What is the difference between exponential symbol $a^x$ and $e^x$ in mathematics symbols?

Question

I want to know the difference between the exponential symbol $a^x$ and $e^x$ in mathematics symbols and please give me some examples for both of them.

I asked this question because of the derivative rules table below contain both exponential symbol $a^x$ and $e^x$ and I don't know when should I use one of them and when should I use the another one.

Derivative rules table:

_{[Derivative rules table source]}

Answer 1

The letter $e$ denotes this number, whereas the letter $a$ can be any positive real number.

Because $\ln(e)=1$ (essentially by definition), the rule $$\frac{d}{dx}(e^x)=e^x$$ is consistent with, and indeed a special case of, the rule $$\frac{d}{dx}(a^x)=a^x\ln(a)$$ There is no "choosing when to use one or use the other".

Answer 2

You should think of the exponential function as being the primitive object. It is the inverse to the logarithm $\log:(0,\infty)\rightarrow\mathbf{R}$ (when I write $\log$ I mean the natural log, also denoted sometimes as $\ln$, not the base 10 logarithm). That is, $\log(e^x))=x$ and $e^{\log(y)}=y$ for $x\in\mathbf{R}$ and $y\in(0,\infty)$.

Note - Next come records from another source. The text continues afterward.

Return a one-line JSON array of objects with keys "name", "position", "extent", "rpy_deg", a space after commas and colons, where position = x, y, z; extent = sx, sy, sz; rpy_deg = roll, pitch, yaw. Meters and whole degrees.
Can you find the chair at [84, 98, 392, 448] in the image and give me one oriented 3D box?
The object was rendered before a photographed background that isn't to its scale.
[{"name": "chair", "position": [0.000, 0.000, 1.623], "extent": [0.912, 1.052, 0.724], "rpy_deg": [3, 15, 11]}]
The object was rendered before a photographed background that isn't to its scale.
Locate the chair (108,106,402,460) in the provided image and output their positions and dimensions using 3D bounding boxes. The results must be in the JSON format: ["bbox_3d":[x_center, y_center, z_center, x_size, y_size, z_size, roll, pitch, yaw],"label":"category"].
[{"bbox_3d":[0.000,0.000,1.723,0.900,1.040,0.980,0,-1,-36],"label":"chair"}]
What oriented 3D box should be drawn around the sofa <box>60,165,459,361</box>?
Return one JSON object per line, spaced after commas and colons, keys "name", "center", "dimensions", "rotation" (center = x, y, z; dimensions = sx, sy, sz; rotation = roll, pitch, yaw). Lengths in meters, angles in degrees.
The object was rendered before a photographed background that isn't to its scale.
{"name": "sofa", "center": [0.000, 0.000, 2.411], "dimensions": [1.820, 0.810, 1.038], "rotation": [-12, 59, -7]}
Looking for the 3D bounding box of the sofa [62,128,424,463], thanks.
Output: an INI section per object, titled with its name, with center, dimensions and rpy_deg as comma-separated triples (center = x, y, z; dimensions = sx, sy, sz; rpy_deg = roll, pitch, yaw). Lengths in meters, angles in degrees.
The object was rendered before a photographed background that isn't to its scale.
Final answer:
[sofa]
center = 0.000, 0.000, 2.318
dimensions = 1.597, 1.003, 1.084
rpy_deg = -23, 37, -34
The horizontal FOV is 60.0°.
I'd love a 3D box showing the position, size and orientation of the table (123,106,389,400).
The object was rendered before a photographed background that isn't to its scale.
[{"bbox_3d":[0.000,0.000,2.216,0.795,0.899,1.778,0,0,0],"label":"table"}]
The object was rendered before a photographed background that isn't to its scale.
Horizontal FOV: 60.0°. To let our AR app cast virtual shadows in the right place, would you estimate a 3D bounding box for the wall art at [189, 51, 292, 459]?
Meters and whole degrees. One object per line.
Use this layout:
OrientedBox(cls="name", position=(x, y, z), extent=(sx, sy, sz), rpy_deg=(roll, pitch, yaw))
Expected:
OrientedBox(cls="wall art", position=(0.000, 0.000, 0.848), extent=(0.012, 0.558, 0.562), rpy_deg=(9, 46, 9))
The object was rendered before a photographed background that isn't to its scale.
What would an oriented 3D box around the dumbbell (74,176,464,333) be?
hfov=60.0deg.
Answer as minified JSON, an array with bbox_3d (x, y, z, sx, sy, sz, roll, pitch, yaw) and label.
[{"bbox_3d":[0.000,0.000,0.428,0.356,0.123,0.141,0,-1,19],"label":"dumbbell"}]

If you know what the exponential function is, then you can understand the function given by sending $x$ to $a^x$ for a positive real number $a$. By definition, $a^x$ means $e^{x\log(a)}$. Remember that here $\log(a)$ is just a number, the (natural) logarithm of $a$. Keeping this in mind, and remembering that the derivative of the exponential function is exist, you can use the chain rule to derive

$(d/dx)(a^x)=(d/dx)(e^{x\log(a)})=e^{x\log(a)}(d/dx)(x\log(a))=\log(a)e^{x\log(a)}=\log(a)a^x$.

Answer 3

The two are essentially the same formula stated in different ways. They can be derived from each other as follows:

Note that $$\frac{d}{dx}(e^x)=e^x \ln(e) = e^x$$ is a special case of the formula for $a^x$ because $e$ has the special property that $\ln (e) =1$

Also $a^x=e^{\ln(a) x}$, which is another way into the derivative for $a^x$.

$$\frac{d}{dx}(e^{rx})=re^{rx}$$ by the chain rule. Let $r=\ln (a)$.

Answer 4

The derivative of $e^x$ is $e^x\ln(e)$, so it's not different in that respect from other bases. But $\ln(e)$ is $1$.

That's what's "natural" about the number $e$.